--- START ---

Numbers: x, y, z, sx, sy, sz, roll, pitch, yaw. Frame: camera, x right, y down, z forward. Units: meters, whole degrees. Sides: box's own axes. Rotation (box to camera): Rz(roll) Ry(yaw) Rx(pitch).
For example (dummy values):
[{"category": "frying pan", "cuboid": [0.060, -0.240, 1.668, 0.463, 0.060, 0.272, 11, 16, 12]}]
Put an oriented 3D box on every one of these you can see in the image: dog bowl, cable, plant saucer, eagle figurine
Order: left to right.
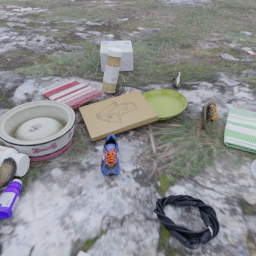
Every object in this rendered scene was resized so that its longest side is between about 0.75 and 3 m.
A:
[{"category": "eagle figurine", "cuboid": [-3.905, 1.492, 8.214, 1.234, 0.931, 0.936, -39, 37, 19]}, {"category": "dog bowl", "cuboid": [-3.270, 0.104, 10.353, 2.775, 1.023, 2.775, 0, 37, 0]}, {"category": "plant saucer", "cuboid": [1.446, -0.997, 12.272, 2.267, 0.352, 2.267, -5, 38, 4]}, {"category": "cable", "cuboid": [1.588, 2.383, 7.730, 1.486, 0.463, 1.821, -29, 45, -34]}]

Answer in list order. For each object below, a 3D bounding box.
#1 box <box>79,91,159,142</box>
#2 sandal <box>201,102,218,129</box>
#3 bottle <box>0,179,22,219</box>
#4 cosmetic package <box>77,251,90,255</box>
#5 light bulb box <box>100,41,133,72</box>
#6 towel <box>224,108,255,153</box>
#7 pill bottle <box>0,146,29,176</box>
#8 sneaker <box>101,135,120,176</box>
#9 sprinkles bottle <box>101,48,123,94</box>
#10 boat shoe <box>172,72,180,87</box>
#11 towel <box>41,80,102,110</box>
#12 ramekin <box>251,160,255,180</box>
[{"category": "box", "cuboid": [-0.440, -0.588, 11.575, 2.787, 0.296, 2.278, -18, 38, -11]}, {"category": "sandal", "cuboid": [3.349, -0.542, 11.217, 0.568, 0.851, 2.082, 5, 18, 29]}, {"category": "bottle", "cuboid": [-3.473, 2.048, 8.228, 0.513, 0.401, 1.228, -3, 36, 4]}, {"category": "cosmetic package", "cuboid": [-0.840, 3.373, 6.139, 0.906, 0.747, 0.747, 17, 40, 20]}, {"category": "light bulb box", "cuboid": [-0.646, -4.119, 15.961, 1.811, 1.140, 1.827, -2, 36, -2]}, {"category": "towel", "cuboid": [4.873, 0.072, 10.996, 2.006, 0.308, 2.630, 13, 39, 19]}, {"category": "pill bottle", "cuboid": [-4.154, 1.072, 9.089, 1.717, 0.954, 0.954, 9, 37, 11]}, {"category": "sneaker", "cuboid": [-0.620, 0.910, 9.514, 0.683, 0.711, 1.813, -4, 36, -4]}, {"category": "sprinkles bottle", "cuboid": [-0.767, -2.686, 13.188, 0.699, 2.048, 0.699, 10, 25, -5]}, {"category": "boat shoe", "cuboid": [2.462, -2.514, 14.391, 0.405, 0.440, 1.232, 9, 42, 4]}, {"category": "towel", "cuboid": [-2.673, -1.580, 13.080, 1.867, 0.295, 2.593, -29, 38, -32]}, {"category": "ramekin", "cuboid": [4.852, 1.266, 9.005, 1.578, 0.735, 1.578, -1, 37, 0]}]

--- END ---

For each line above that includes the word "object", make a copy of that line.

Every object in this rendered scene was resized so that its longest side is between about 0.75 and 3 m.
Answer in list order. For each object below, a 3D bounding box.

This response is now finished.